Jax, Flax, & Macs
JAX is a powerful tensor manipulation and autograd library that has seen a surge in popularity recently. It’s also one of the key dependencies in Google’s neural network library Flax. However, trying to install it on an M1 Mac can be a bit tricky. Today I managed to get it running on a 2021 Macbook Pro M1 without too many problems, so I’ve shared the Python environment here to help others facing the same problem. Once downloaded, and in a virtual environment, the key dependencies can be installed by running:
pip install --upgrade pip
pip install -r flax-requirements.txt
And that should (hopefully) do it.
Out of curiosity I ran a quick test using a CNN on MNIST to see how well the M1 chip does against a Colab GPU. I ran the example code and recorded how long 10 training and evaluation epochs took with a fixed batch size of 32.
Device | Running Time |
---|---|
M1 Pro (10 Core) | 3m 3s |
Colab GPU | 1m 7s |
Colab CPU | ~ 20m |
My 10 core M1 Pro ran 10 epochs in 3 minutes and 3 seconds, where the Colab GPU took only 1 minute and 7 seconds. Though nearly 3x slower, I don’t think this is too bad for a CPU, and will be great for development environments. This story might change a lot depending on batch sizes and workloads, so take this with a pinch of salt. For reference though, a Colab CPU took around 20 minutes to run the same code, so the M1 CPU is certainly doing something right.
PyMC & BlackJAX #
Another reason you might want to use JAX is for probabilistic programming in PyMC. Using a JAX-based backend (BlackJAX) it’s possible to speed up model compilation and fitting quite considerably. I also ran a quick comparison using a simple linear regression with 2000 data points to test sampling and compilation times in PyMC and CmdStan. I ran each model 5 times and took the lowest number for both sampling time and end-to-end time, including compilation.

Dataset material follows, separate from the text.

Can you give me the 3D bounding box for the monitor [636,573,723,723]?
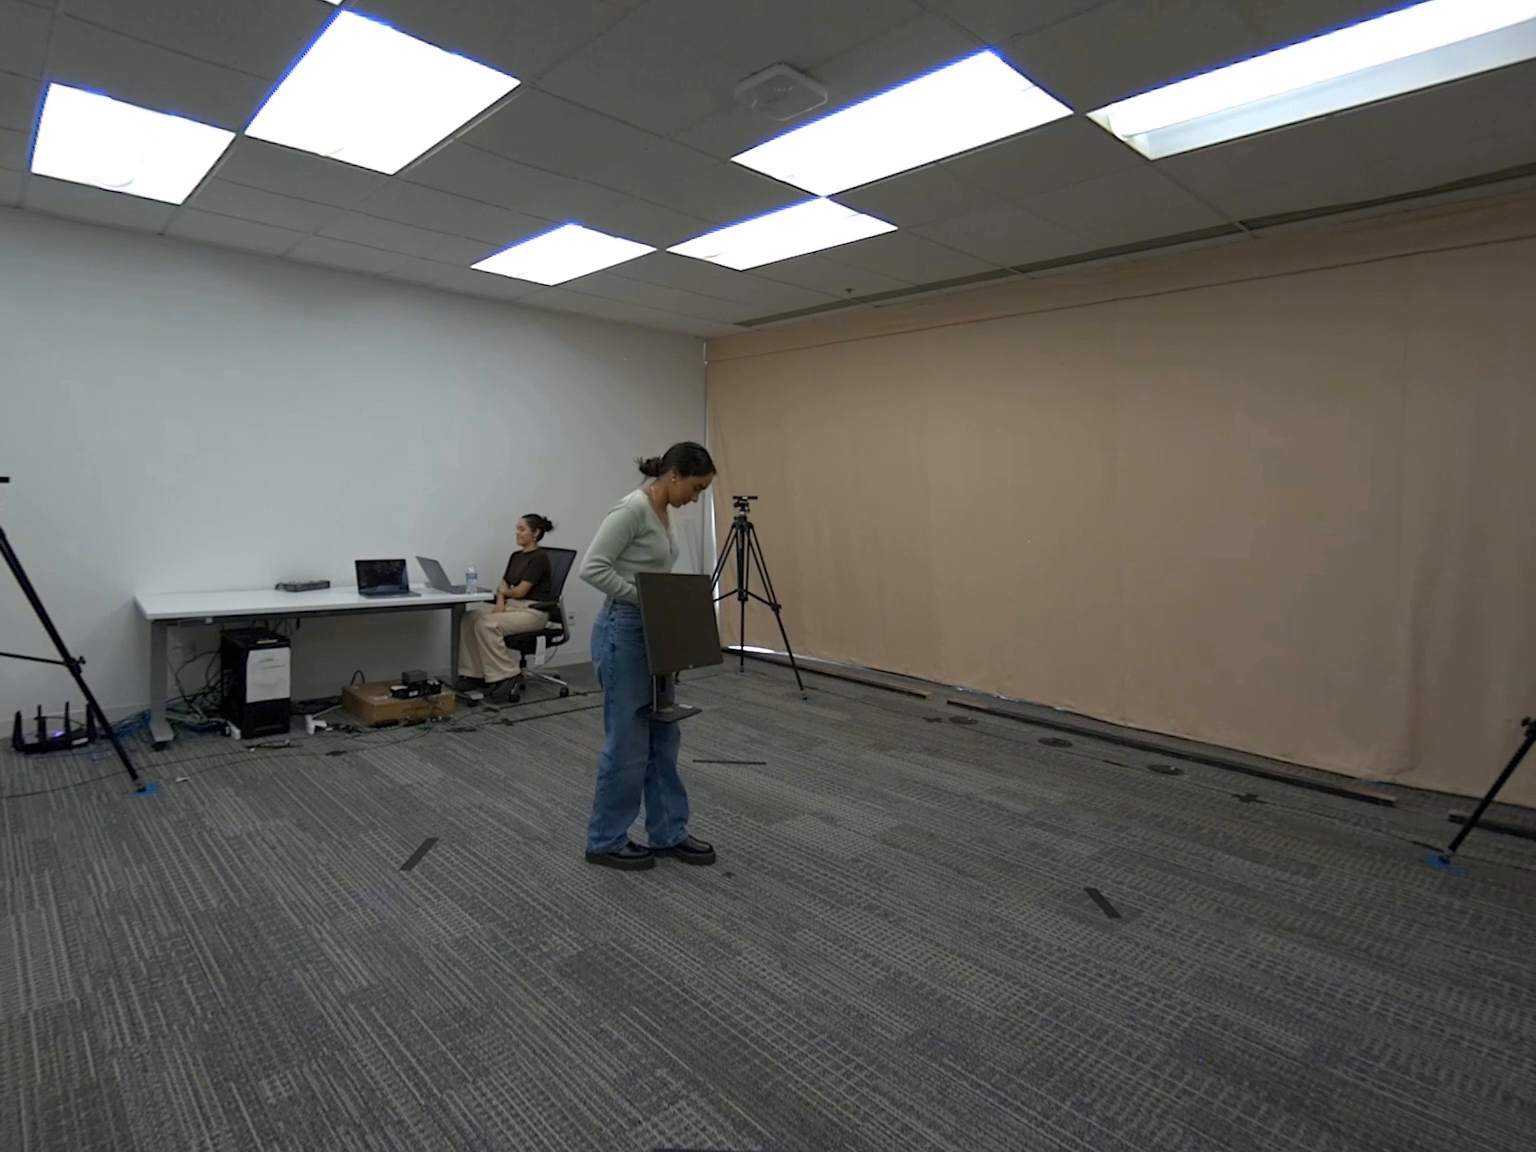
[{"bbox_3d":[-0.357,0.247,3.075,0.178,0.515,0.519,11,3,24],"label":"monitor"}]

Sampler | Sampling Time | End-to-end Time |
---|---|---|
CmdStan 2.30.0 | 1.1s | 6.7s |
PyMC 4.2.2 | 9.0s | 10.9s |
PyMC 4.2.2 + BlackJAX | 2.8s | 3.6s |
PyMC 4.2.2 + NumPyro | 1.8s | 2.8s |
Interestingly, base PyMC was slowest in both cases, but benefitted a lot from using the BlackJAX and NumPyro backends. The CmdStan sampler was fastest, but takes a while longer to compile meaning the end-to-end time was slower. This benchmark is far from exhaustive, and depending on model specification and dataset size, I suspect these results could change a lot.